**TASK STATEMENT**. In how many lines of the listing does the word "whole" appear? Reply with the number only.

(EXERCISE DATA begins)

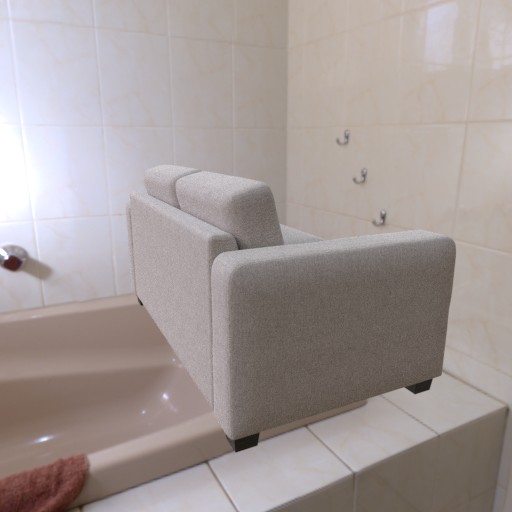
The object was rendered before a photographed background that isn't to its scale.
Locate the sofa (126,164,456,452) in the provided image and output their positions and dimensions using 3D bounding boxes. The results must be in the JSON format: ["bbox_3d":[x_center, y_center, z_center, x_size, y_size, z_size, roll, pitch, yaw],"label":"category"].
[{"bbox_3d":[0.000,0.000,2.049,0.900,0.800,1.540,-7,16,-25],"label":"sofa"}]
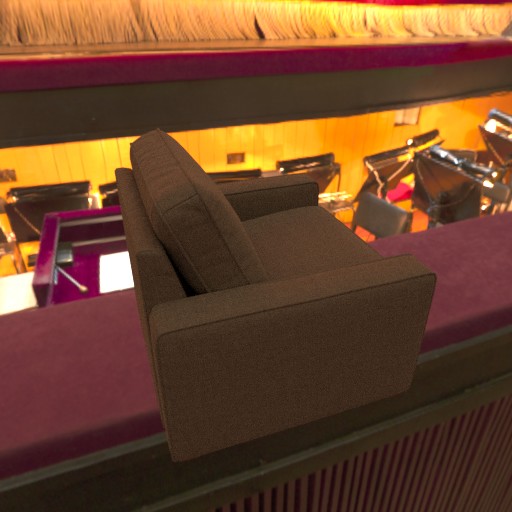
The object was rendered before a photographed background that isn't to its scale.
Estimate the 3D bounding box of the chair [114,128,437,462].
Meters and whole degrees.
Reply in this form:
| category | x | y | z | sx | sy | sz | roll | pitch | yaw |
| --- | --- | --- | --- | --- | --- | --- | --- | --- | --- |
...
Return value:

(EXERCISE DATA ends)
(EXERCISE DATA begins)

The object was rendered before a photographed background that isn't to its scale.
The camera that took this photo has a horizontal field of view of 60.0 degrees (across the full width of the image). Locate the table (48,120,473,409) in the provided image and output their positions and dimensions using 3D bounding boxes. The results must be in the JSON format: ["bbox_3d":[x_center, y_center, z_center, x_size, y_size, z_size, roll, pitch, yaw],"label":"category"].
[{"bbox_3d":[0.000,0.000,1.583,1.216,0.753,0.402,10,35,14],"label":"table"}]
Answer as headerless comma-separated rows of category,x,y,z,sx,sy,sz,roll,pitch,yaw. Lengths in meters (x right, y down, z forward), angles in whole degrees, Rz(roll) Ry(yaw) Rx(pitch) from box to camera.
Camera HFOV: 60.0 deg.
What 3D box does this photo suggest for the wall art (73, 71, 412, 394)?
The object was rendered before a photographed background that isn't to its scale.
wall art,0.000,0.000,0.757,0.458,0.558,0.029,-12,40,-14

(EXERCISE DATA ends)

**PROBLEM SOLUTION**. 2